Since all predictors are continuous, thus we have Multiplicative change.

  • OR(DB) = exp(0.573104) > 1
    Thus, there is positive relationship (increase), and high probability chance for having event,
    It means one unit increasing in “DB” will cause multiple of exp(0.573104) change in LiverPatient.
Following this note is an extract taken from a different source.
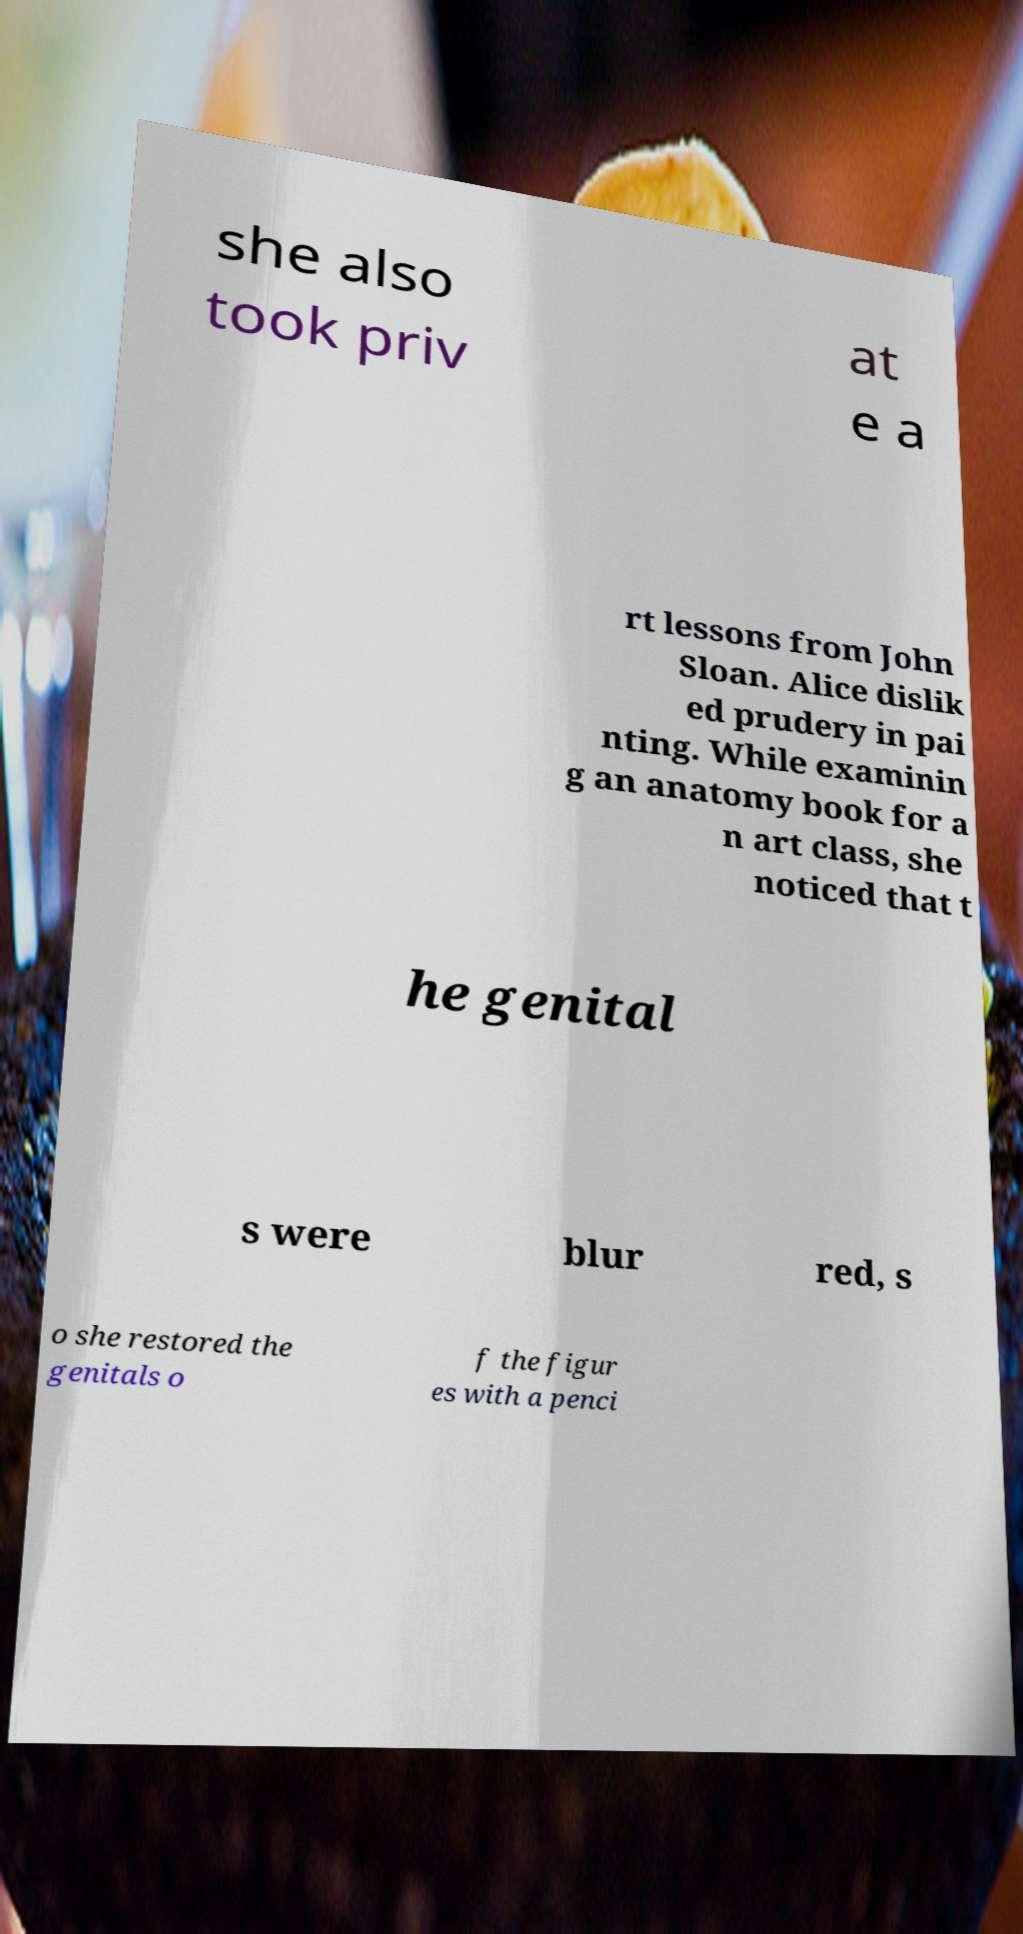What messages or text are displayed in this image? I need them in a readable, typed format. she also took priv at e a rt lessons from John Sloan. Alice dislik ed prudery in pai nting. While examinin g an anatomy book for a n art class, she noticed that t he genital s were blur red, s o she restored the genitals o f the figur es with a penci

  • OR(Alamine) = exp(0.015850) =1 (Almost is equal 1)
    Thus, there is no Alamine effect.

  • OR(Age) = exp(0.020418) = 1 (Almost is equal 1)
    Thus, there is no Age effect.

  • OR(Alkphos) = exp(0.003744) = 1 (Almost is equal 1)
    Thus, there isno Alkphos effect.

In the other word, Also in Males patients increasing the “DB” will cause more chance of LiverPatient.

Question (d):

comment on how the models for adult females and adult males differ

Answer -:

This is the model for the Female:

  • Log(LiverPatient) = -0.32480 + 0.94479 * DB + 0.01106 * Aspartate

This is the model for the Male:

  • Log(LiverPatient) = -1.902754 + 0.573104 * DB + 0.015850 * Alamin + 0.020418 * Age + 0.003744 * Alkphos


Conclusion:

  • Although linear regression models for Male and Female include different variables and the final models are not the same, but in both models, increasing in the “DB” variable will cause more chance of having LiverPatient.

The reason is other variables (like Aspartate, Alamin, Age, Alkphos) have OR=1 (almost), thus there are no effects.